DNS-related outage follows extended downtime last week

Microsoft Azure multi-factor authentication (MFA) was out for more than two hours on Tuesday, days after a much longer outage at the start of last week.

The latest issues meant that users had trouble signing into Azure resources, such as Azure Active Directory, when MFA is required by policy, between 14:25 UTC and 17:08 UTC on Tuesday (November 27).

Preliminary indications point to Domain Name System (DNS) resolution glitches. “Engineers found that an earlier DNS issue triggered a large number of sign-in requests to fail, which resulted in backend infrastructure becoming unhealthy,” Microsoft explained.

Tuesday’s authentication headache follows hot on the heels of a much longer, 14-hour outage on November 19.

Microsoft has published a post-mortem on the earlier outage, which was triggered by three interlinked problems. The tangle of issues goes a long way towards explaining why it took so long to restore the cloud-based system to normal.

In cases where MFA was required, users of Office 365, Azure, Dynamics, and other services which use Azure Active Directory for authentication were left unable to log in.

Enterprises in Europe, Asia, and the Americas were all affected to a lesser or greater extent.

The first two vectors in the downtime have been pinpointed as issues on the MFA frontend server, both introduced in a rollout of a code update that began in some data centres about a week prior to problems kicking in.

The update worked smoothly at first until higher traffic was encountered, at which point things began to fail.

A latency issue in the MFA frontend’s communication to its cache services started to cause problems when business got brisker, and this fed onto the second problem with the system, a race condition in processing responses from the MFA backend server, to lead onto things going seriously awry.

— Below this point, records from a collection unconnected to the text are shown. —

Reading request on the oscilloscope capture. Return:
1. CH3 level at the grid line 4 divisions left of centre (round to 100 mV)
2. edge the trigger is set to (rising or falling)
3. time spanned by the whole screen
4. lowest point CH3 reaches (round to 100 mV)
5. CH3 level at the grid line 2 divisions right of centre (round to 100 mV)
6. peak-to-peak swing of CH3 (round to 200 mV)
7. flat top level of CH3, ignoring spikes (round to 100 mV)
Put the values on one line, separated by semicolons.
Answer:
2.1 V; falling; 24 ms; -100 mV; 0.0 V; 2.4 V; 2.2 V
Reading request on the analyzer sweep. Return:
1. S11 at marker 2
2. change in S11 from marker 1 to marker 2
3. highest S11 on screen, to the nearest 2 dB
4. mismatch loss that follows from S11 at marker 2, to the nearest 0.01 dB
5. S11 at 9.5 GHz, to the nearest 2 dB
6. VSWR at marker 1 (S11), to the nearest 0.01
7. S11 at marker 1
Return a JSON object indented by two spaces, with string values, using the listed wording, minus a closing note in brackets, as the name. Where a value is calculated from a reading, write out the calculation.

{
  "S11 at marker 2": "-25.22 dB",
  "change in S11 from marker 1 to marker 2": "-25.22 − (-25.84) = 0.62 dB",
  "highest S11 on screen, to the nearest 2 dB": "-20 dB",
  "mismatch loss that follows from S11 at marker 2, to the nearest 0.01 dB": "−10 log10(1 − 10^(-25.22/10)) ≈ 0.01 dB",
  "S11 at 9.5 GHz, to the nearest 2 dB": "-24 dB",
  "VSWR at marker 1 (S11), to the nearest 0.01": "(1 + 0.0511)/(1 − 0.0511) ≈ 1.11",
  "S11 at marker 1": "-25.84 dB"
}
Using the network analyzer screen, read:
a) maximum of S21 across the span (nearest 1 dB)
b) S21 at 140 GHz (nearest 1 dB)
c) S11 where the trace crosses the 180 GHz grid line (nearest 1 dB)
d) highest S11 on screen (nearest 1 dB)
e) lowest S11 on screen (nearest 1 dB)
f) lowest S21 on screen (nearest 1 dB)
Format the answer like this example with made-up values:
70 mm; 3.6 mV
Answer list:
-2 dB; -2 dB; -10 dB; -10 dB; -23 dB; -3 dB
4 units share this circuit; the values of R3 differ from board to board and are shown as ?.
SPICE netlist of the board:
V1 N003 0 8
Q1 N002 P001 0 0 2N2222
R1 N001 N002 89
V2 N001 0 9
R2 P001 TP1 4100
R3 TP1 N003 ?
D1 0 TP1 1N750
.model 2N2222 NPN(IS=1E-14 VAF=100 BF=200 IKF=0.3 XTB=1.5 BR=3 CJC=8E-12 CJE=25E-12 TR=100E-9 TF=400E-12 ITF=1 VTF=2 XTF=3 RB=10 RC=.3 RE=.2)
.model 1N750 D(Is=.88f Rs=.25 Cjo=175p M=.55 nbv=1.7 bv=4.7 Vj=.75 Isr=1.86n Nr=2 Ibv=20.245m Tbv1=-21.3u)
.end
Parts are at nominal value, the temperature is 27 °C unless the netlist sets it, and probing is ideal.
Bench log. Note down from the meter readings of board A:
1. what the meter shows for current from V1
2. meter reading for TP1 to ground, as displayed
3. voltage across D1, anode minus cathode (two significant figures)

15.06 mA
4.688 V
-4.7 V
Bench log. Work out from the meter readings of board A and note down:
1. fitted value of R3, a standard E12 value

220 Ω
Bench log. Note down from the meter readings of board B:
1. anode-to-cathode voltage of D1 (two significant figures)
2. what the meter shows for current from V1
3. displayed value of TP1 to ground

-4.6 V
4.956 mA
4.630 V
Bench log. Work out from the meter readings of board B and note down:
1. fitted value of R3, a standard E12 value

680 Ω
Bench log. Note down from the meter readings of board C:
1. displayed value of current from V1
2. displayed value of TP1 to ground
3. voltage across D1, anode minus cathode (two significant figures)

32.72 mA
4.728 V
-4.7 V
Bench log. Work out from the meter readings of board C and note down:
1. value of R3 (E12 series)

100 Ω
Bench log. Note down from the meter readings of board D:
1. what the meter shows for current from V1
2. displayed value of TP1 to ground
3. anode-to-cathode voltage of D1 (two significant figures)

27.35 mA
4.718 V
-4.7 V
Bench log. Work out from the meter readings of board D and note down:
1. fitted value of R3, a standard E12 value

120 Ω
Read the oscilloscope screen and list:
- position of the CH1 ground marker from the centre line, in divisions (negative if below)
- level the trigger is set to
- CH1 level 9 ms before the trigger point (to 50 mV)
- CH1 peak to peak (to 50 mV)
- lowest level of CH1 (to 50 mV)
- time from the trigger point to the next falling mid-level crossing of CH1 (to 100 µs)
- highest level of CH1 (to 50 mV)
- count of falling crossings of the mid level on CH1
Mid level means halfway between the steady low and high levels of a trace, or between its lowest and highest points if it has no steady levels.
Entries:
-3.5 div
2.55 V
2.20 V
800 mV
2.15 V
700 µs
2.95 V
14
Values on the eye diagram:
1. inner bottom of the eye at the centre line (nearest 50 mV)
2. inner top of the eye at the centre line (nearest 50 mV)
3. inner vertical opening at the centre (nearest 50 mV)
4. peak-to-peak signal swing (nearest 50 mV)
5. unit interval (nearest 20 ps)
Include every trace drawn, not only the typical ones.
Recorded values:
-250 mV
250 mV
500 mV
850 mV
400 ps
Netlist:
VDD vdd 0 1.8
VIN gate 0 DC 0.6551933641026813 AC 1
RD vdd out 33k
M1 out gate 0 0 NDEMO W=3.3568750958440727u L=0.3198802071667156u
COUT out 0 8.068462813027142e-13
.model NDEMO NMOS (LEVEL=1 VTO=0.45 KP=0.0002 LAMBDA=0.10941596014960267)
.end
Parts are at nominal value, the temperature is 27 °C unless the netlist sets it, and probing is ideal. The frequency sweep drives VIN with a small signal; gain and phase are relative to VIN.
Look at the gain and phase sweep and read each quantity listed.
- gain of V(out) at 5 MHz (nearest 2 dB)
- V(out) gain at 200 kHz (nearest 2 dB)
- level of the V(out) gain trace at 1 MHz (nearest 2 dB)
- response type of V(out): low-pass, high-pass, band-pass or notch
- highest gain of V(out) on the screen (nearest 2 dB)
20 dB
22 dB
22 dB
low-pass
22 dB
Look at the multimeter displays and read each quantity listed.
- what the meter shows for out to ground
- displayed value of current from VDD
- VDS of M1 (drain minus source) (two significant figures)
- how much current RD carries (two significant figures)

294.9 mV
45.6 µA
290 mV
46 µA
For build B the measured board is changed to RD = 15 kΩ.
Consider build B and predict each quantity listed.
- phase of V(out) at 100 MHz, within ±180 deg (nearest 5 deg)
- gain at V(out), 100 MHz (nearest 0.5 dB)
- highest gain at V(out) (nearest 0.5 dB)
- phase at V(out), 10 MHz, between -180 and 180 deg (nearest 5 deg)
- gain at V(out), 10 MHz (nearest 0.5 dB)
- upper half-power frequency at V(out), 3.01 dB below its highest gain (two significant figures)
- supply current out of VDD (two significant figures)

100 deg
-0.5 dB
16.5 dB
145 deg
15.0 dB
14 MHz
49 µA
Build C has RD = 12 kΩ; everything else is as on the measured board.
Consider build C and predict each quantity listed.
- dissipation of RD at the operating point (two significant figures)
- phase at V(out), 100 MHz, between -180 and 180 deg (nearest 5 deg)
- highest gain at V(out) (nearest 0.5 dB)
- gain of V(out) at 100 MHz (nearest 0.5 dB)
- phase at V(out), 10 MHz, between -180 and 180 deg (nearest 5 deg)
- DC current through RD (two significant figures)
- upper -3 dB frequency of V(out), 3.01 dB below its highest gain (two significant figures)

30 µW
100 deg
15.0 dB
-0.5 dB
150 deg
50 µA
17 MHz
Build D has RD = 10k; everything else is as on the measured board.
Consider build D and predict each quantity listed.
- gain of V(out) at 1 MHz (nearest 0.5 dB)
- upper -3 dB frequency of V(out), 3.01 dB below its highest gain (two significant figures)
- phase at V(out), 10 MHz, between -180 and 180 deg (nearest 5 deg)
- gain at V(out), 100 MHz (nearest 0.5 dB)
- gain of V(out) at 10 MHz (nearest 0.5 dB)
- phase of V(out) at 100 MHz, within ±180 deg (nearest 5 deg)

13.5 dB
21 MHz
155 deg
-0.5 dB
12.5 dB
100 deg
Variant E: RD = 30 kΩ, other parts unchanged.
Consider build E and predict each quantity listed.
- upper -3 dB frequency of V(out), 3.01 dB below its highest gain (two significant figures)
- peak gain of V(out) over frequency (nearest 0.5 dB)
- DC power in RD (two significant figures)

A third issue – a previously undetected issue in the backend MFA server that was triggered by the second issue – compounded problems and meant the whole system stopped working properly.

“This issue causes accumulation of processes on the MFA backend leading to resource exhaustion on the backend at which point it was unable to process any further requests from the MFA frontend while otherwise appearing healthy in our monitoring,” Microsoft explained.

The practical upshot was that authentication requests weren’t processed promptly or failed, leaving users obliged to use MFA to log into Azure-based systems locked out as a result.

Login codes are generally only valid for 60-90 seconds, so latency in the system that leads to even delays in users receiving codes cause all sorts of problems.

Worse yet, Microsoft’s operational staff were left with no clear indication of what was going wrong.

Microsoft explanation of how it diagnosed the problem and restored service can be found in an update to its Azure status history page.

It vowed to review its update deployment and status monitoring systems in the wake of the outage, an assurance that seems a little less reassuring in the aftermath of similar problems just a week later.

Microsoft’s authentication service has historically been reliable. If this changes it might encourage orgs to drop MFA in order skirt the impact of future issues, leaving business users far more exposed to hacker attack as a result.